Para Cester “no son las situaciones lo que desencadena la aparición del ‘trac’, sino cómo nosotros las interpretamos y valoramos”.

Al reflexionar sobre la razón de nuestras reservas y autoexpresiones como: “no actuaré en este teatro”, o “prefiero no hablar ante público”, la doctora comenta que “observamos que no son controladas por la emoción que sentimos en ese momento, sino por sentimientos que nos produjo haber vivido ya esa experiencia, como los de culpa, sensaciones de fracaso, de no haber dado la talla o ganas de llorar”, matiza.

Cester indica que “estos sentimientos fueron memorizados en el sistema límbico del cerebro, generando en nosotros una serie de creencias, conductas y expectativas que harán que nos comportemos de un modo determinado ante un acontecimiento similar”.

 

Trucos y consejos para dejar de temer

La doctora Cester sostiene que “no hay que eliminar el ‘trac’, sino intentar que sea favorable para nosotros.
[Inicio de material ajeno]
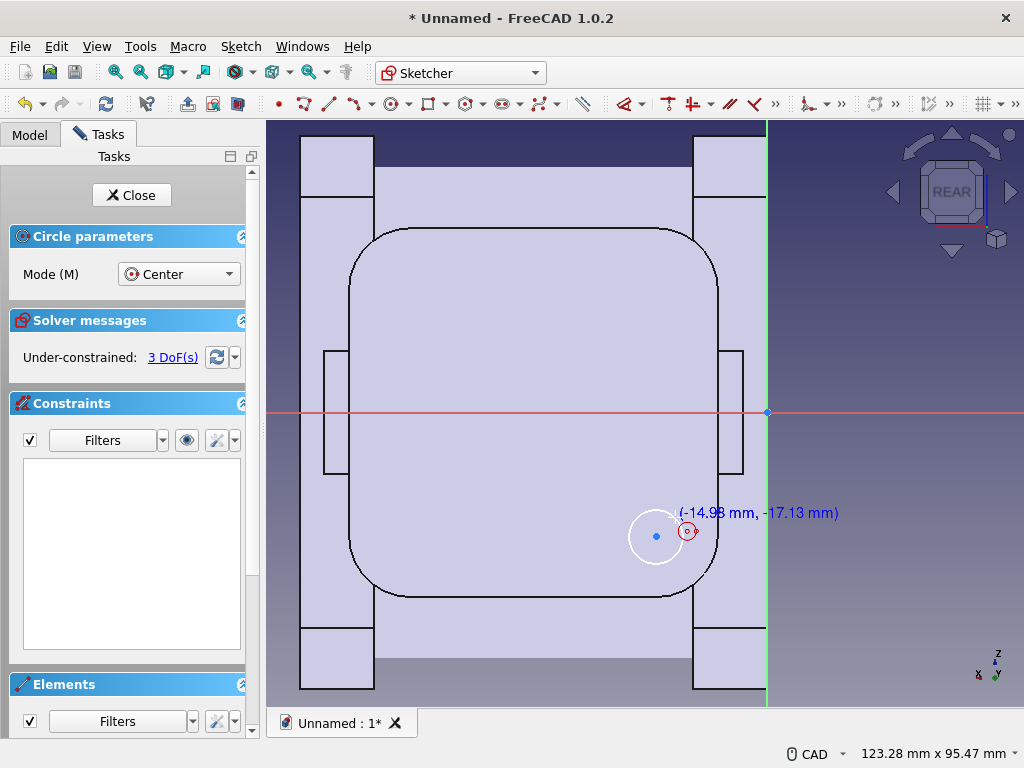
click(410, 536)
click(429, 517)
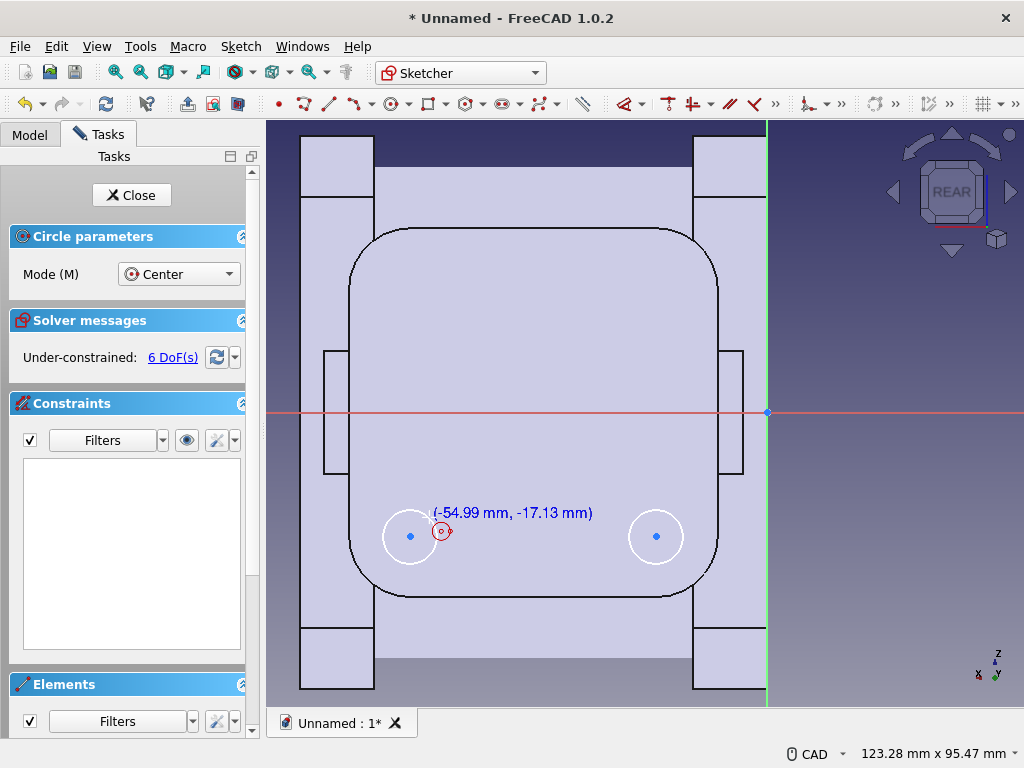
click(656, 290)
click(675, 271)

Al hablar en público en una reunión laboral o familiar, o al realizar una actuación artística profesional o aficionada, podemos mantener ese miedo escénico en un nivel aceptable y evitar que se descontrole”. Para ello ofrece algunos consejos:

Deberíamos exponernos repetidas veces a la situación que nos causa ansiedad, mediante muchas actuaciones delante del público.

Debemos darnos oportunidades para poder “almacenar” experiencias exitosas, ya que el éxito disminuye la ansiedad situacional.
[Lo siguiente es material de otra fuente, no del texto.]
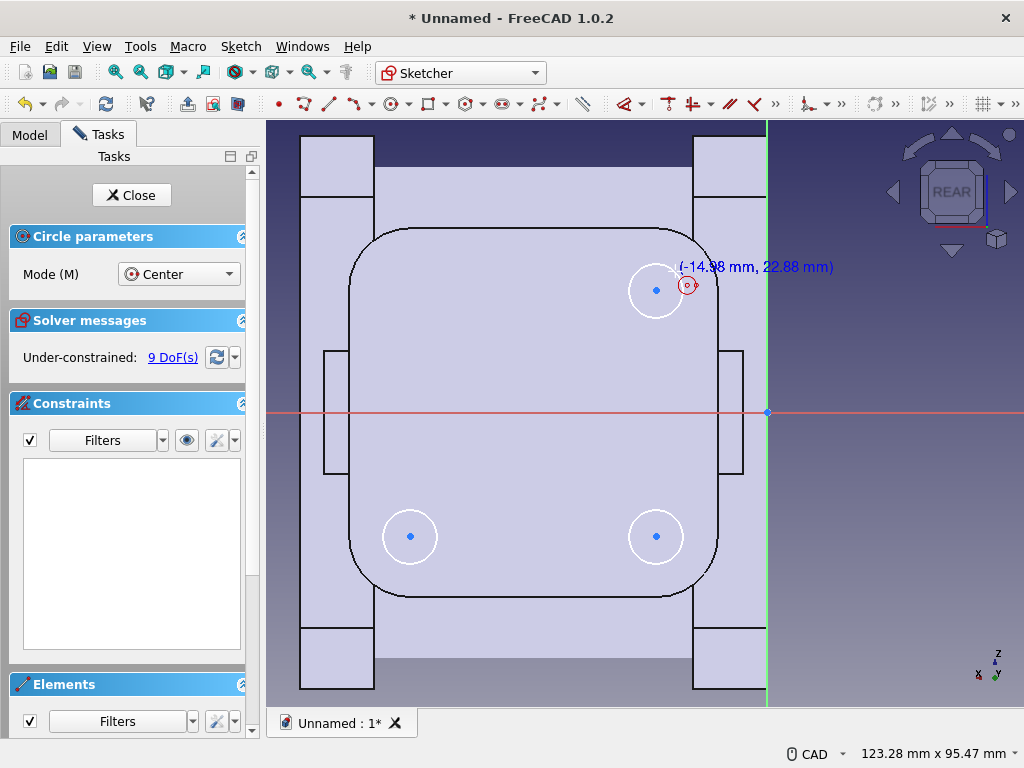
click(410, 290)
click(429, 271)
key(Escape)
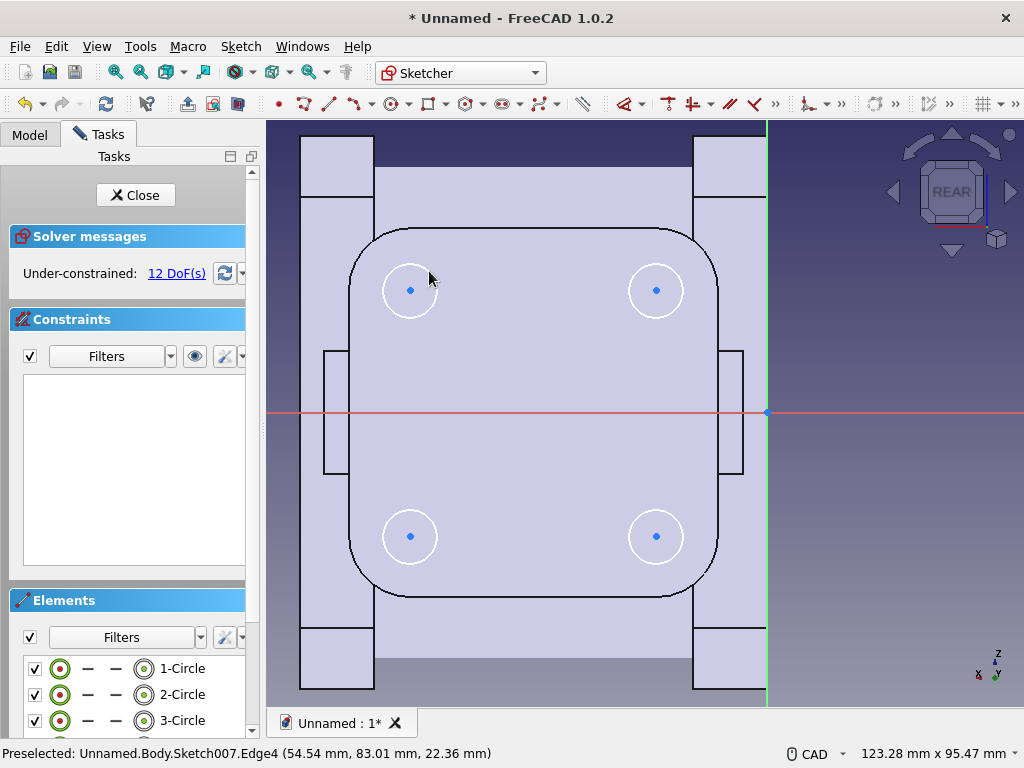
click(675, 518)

Es conveniente seguir una dieta equilibrada, acompañada de un descanso adecuado y ejercicio físico, el cual reduce la tensión en el sistema nervioso autónomo (SNA) y aumenta los neurotransmisores implicados en las funciones de aprendizaje y memoria.
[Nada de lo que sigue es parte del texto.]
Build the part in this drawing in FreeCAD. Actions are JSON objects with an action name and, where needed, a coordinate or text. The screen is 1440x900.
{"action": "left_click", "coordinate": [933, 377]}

Recomienda realizar algún tipo de terapia corporal, como la fisioterapia. La mayoría de las disciplinas basadas en la asociación cuerpo-mente ayudan a liberar al cuerpo de corazas y tensiones y son beneficiosas para afrontar con éxito el miedo escénico.

Intentar descubrir si nuestra tensión o ansiedad se manifiesta mayoritariamente a nivel muscular, con contracturas o rigidez; a nivel del SNA, con un “nudo” en el estómago o urgencia para ir al baño; o a un nivel mental o emocional, mediante pensamientos irracionales y preocupaciones, para practicar aquella técnica de relajación que resulte más apropiada en cada caso.

Una idea que funciona es grabarnos en video previamente. De este modo nos vemos a nosotros mismos desde fuera y aprendemos a autoevaluarnos y a ser más autocríticos.

No pierda el contacto visual con el público.

Debe comprender, conocer, dominar y amar lo que exponemos o interpretamos, ya que “para que algo guste a los demás, primero debe gustarnos a nosotros”.

Trate de hacer de la memorización un hábito, en él priorizaremos la calidad a la cantidad de lo memorizado.

Procure liberar tensiones mediante ejercicios faciales, respiración abdomino-diafragmática y algunos ejercicios utilizados en el teatro, porque si relajamos el cuerpo, relajamos la mente.

Siempre busque su propio estilo en lo que haga, no se compare con nadie.

Trabaje la conciencia corporal y reeduque la postura. Cuando se modifica la actitud del cuerpo, cambia también la forma de pensar y relacionarse.

Realice una visualización. Unas semanas antes, podemos preparar la actuación imaginándola lo más real posible y de la forma ideal como nos gustaría que ocurriera, con el público y sus aplausos. “Si piensas y actúas como si tuvieras éxito, te llegará el éxito”.

l Finalmente, centre la atención sobre usted mismo y sobre el trabajo realizado, y no sobre lo que puedan pensar u opinar los demás.